(Given records)
————
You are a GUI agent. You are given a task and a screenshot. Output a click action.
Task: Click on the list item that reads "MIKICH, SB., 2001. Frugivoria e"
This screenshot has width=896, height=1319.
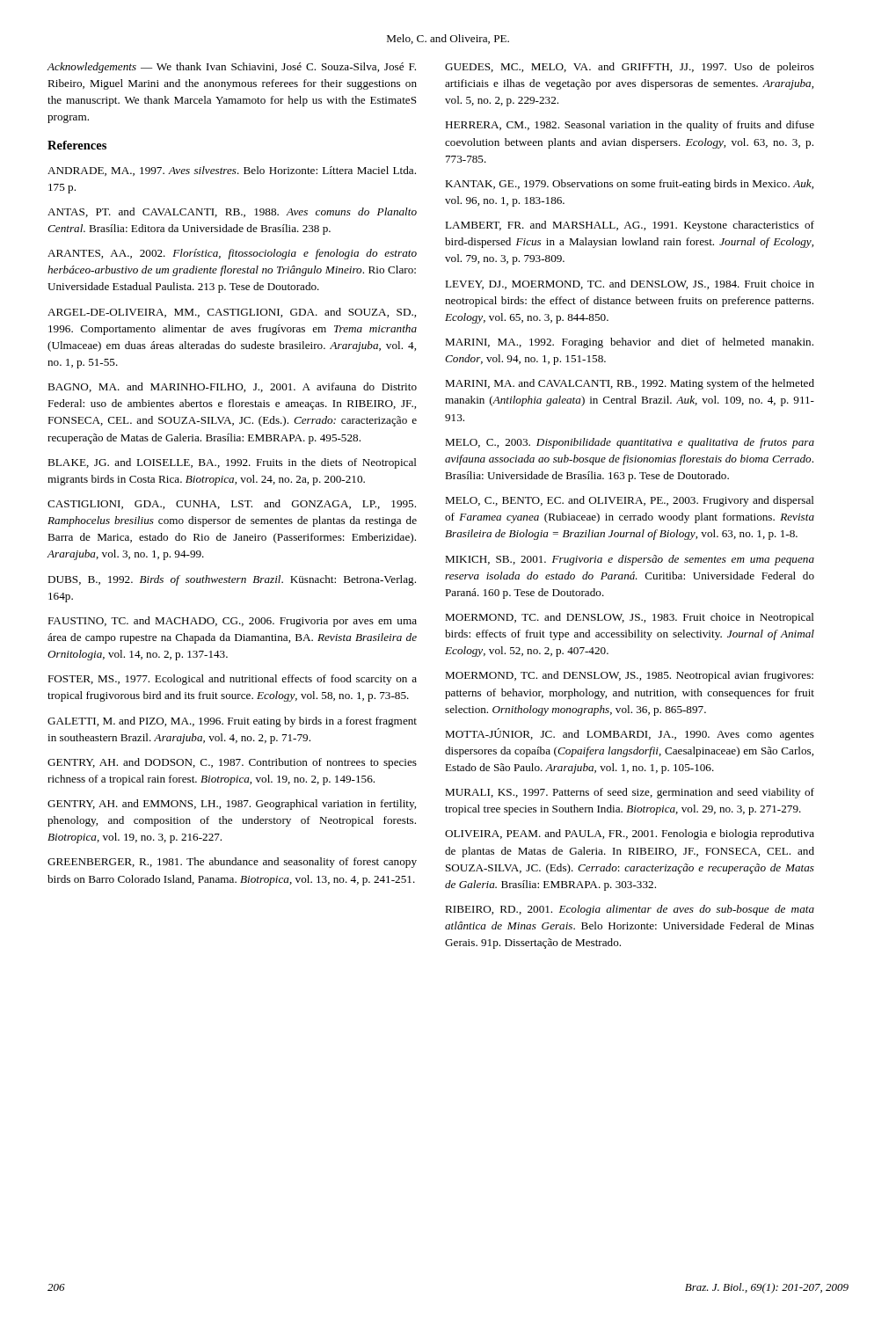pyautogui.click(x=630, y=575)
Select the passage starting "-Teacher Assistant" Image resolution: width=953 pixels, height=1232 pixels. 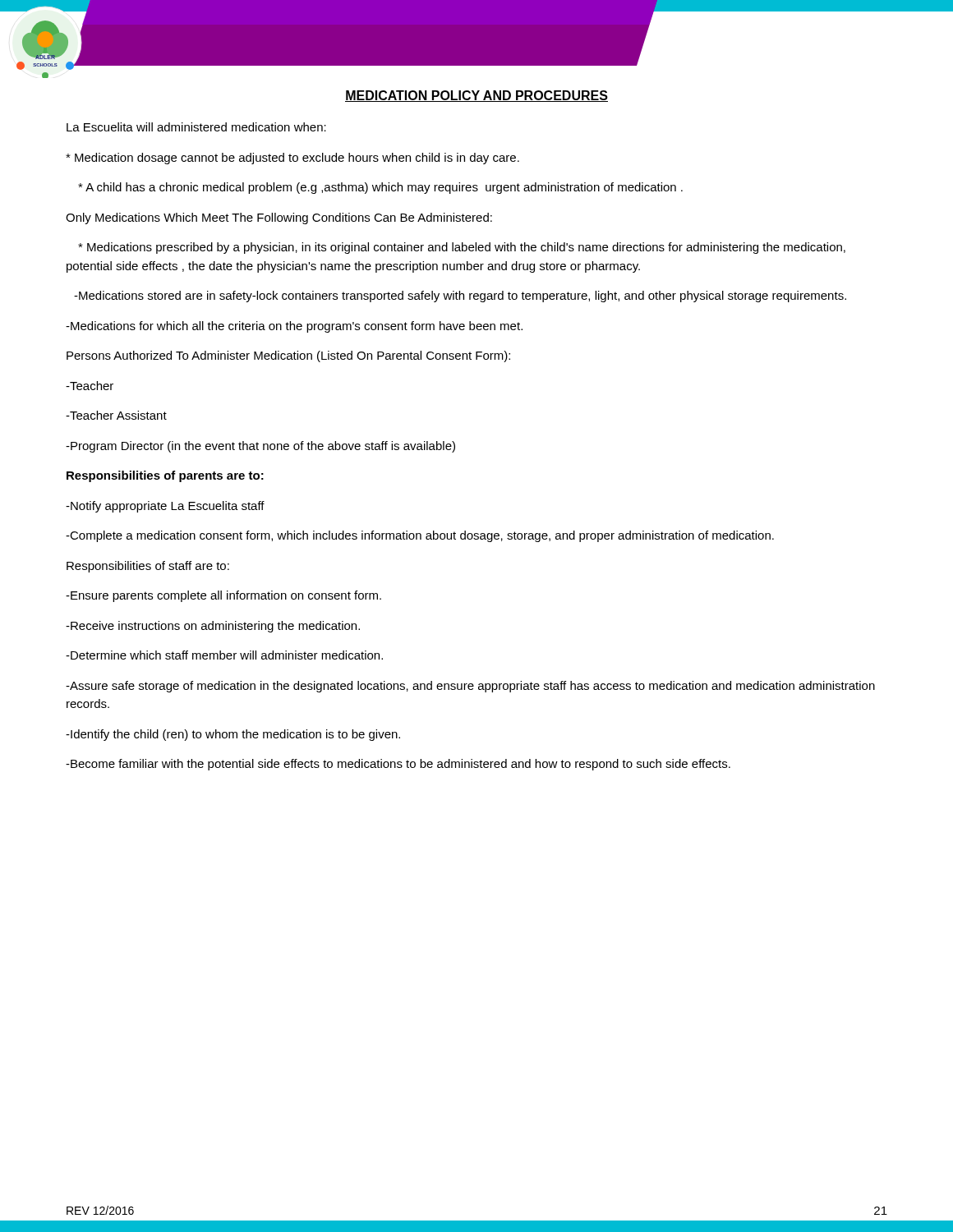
————
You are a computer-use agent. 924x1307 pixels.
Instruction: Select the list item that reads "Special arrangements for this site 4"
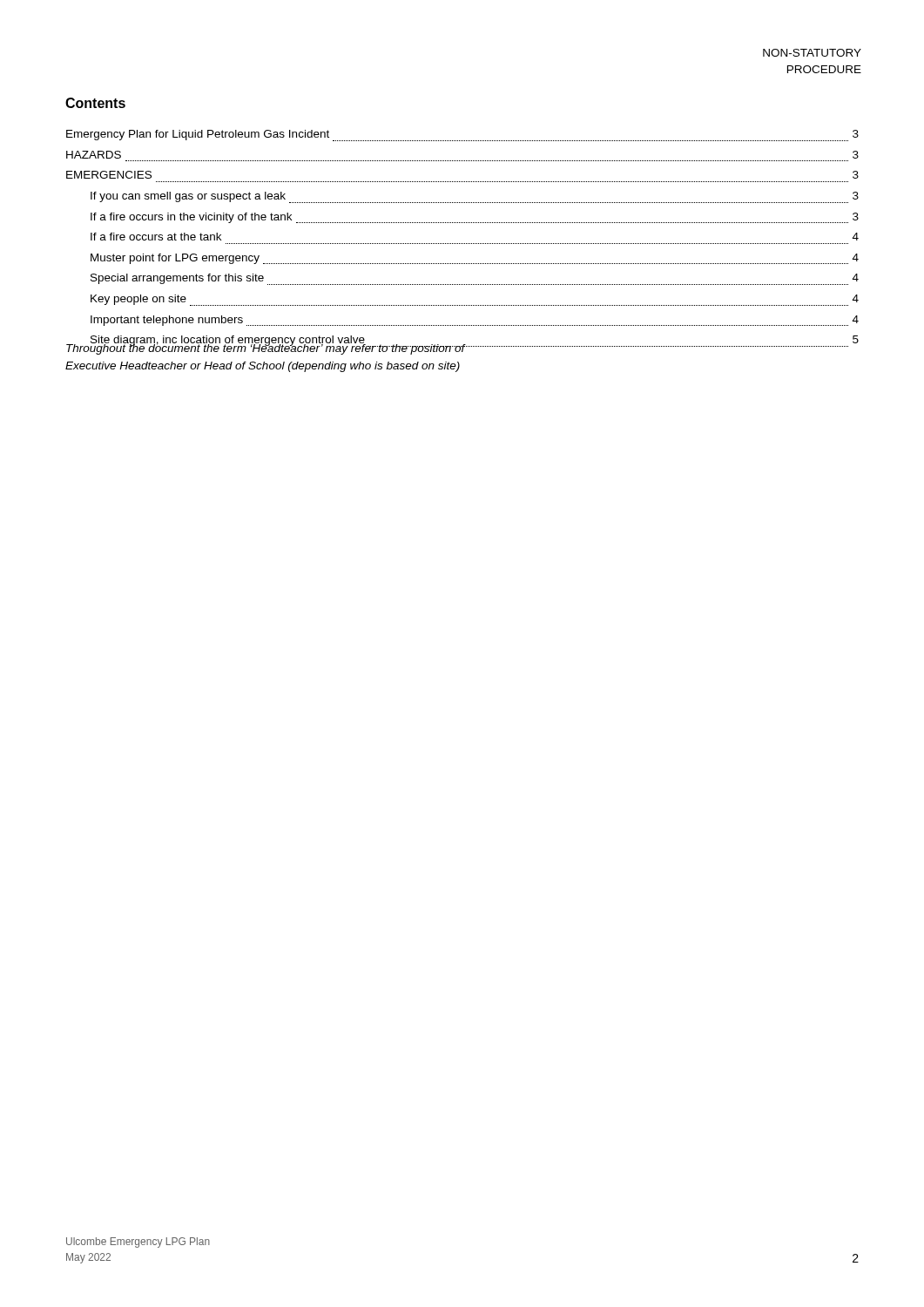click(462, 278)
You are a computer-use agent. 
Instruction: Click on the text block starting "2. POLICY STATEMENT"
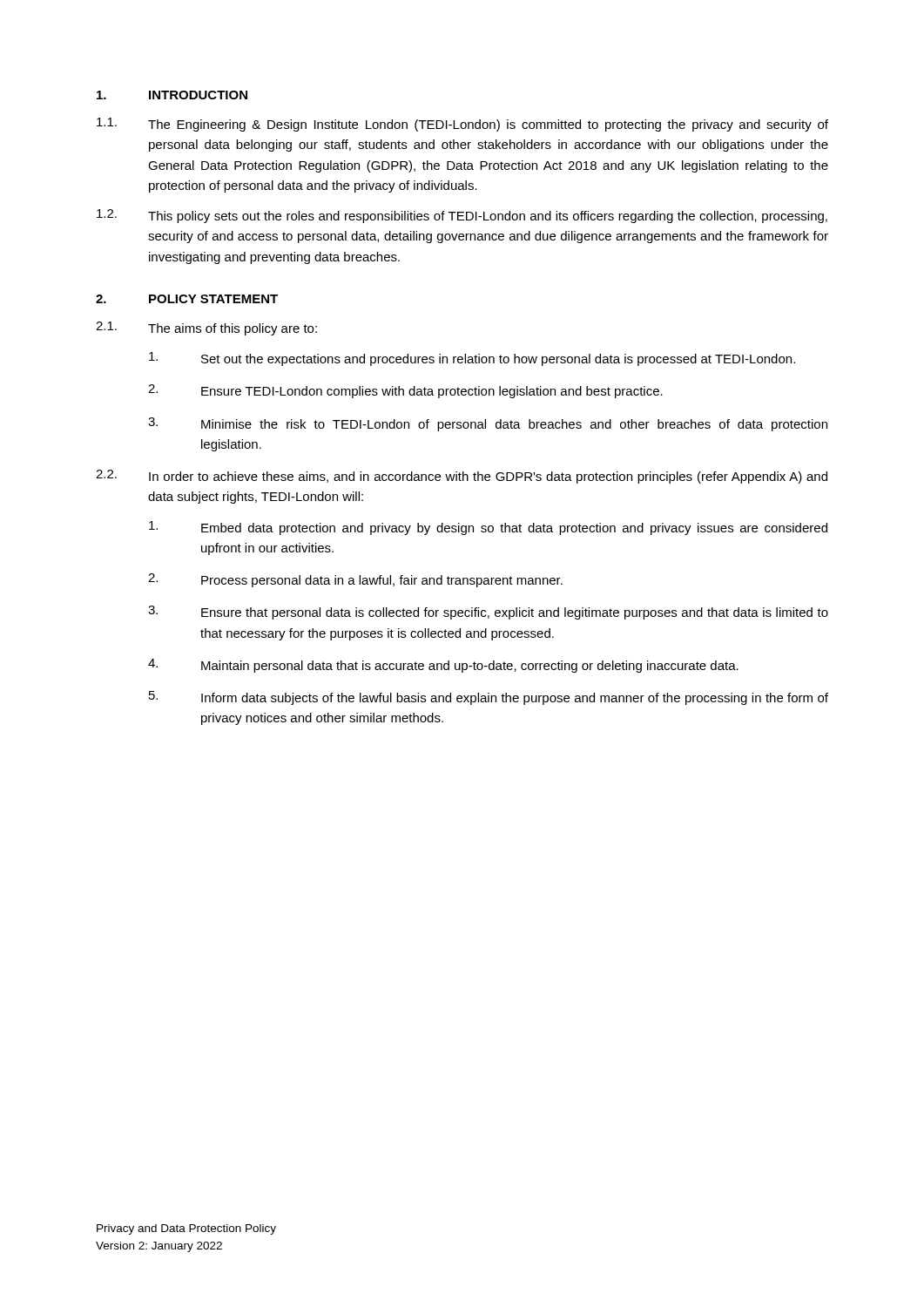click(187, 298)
————
Look through the records above and report how many lines hold the word "agent", giving only the number.

3